I check the nameplate on the building, which confirms my suspicion. This is the right place. "What?" I ask absentmindedly.

Zeke releases my luggage to grab me by the shoulders and turn me thirty degrees until I'm facing some sort of facility: half a brick monument and half a sleek extension built entirely of tinted windows that oozes the kind of money colleges throw after sports. "It's perfect because that is the Canham Natatorium."

"The what?"

"God, do you ever listen, woman? It's where I swim every day."

"Oh." I hope he doesn't notice how I go rigid. But he's already hoisting my suitcase up and whistling a false tune as he heads toward the dorm building. It's barely fifty steps from the entrance to the Canham Natatorium.

Shit.

Listen, I'm not an idiot. I knew that choosing to move to the city where my best friend lives would mean seeing him a lot. And enrolling at the college where he happens to train would only amplify our opportunities to see each other. I know all this. It's the reason I came here, after all.

Still, as I realize just how easy hanging out will be, something uneasy twists in my stomach.
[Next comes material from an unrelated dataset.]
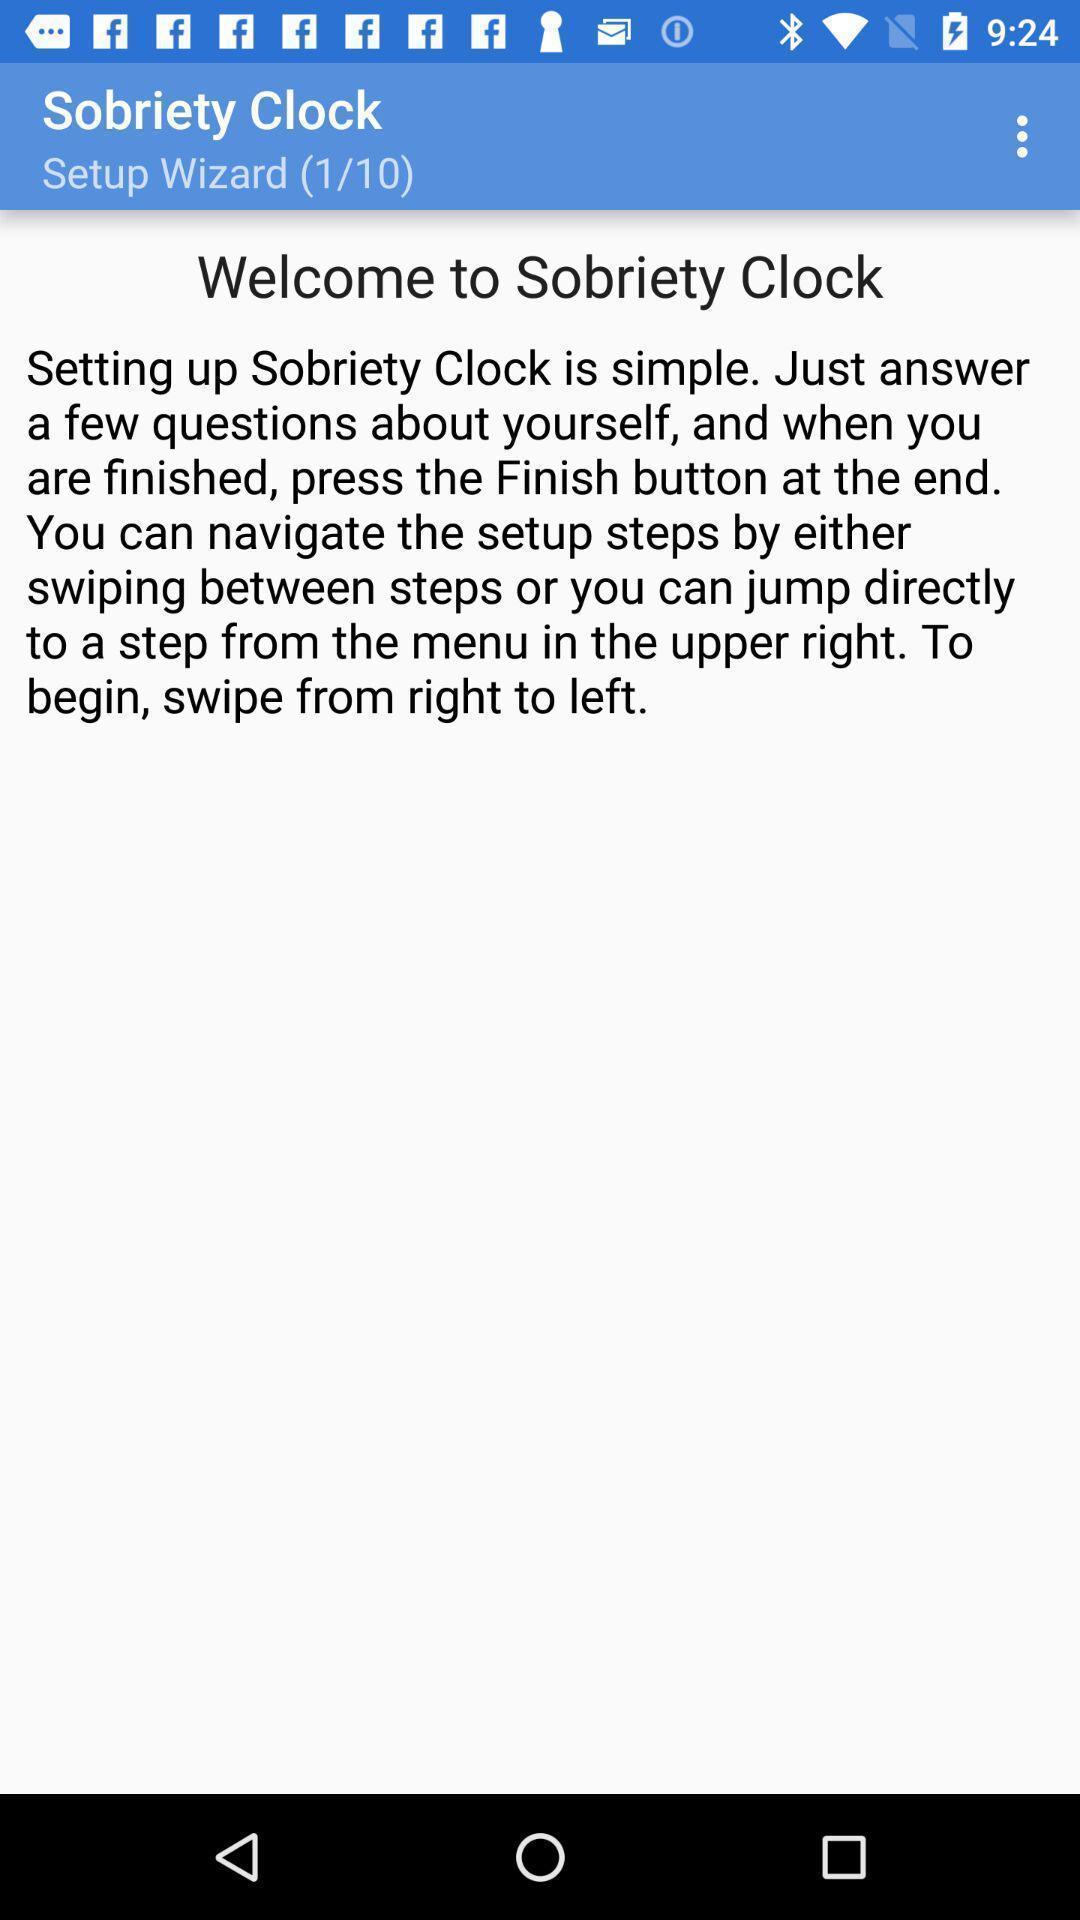What details can you identify in this image? Welcome page of a sobriety app. 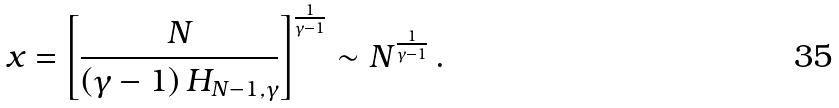<formula> <loc_0><loc_0><loc_500><loc_500>x = \left [ \frac { N } { \left ( \gamma - 1 \right ) H _ { N - 1 , \gamma } } \right ] ^ { \frac { 1 } { \gamma - 1 } } \sim N ^ { \frac { 1 } { \gamma - 1 } } \, .</formula> 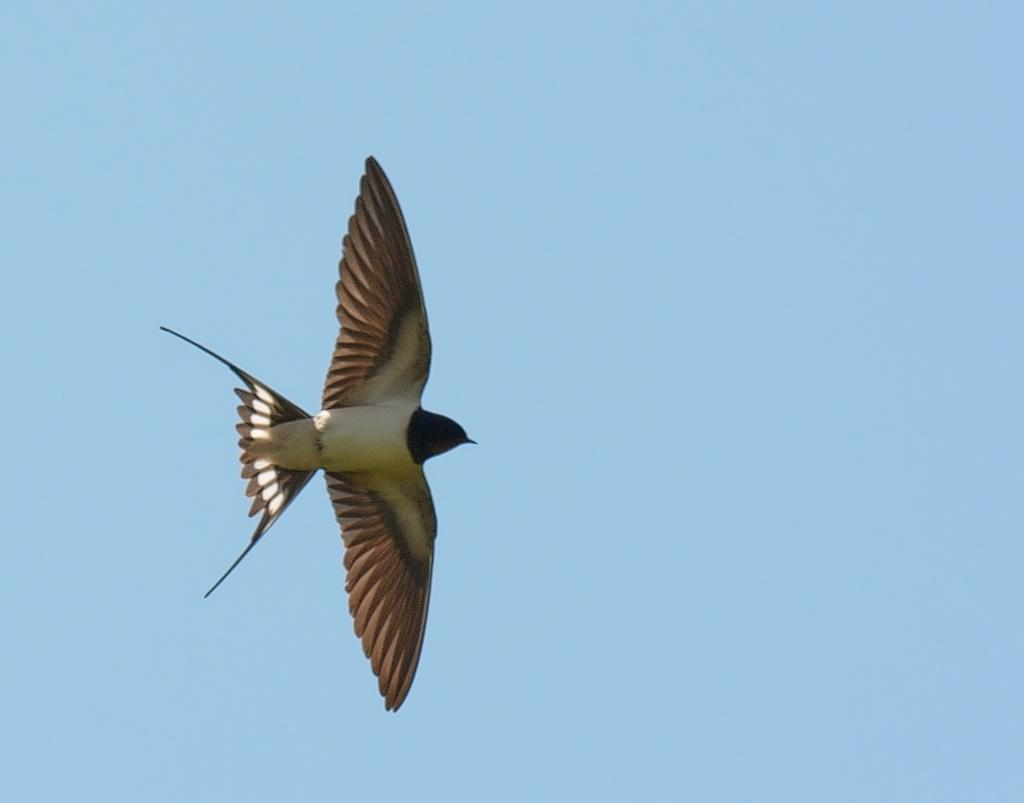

It's been about an hour since he picked me up at the airport, and we've slipped right back into old habits. Every time we've seen each other over the past six years, I've thought to myself how it's weird that it doesn't feel weird.

Like it's the most natural thing in the world to be next to each other, despite living in separate countries.

That's not what scares me.

But two weeks from now, or a month or three, when the novelty has worn off, when seeing him becomes routine, and neither one of us is about to get on an airplane, that's when this whole thing turns dangerous.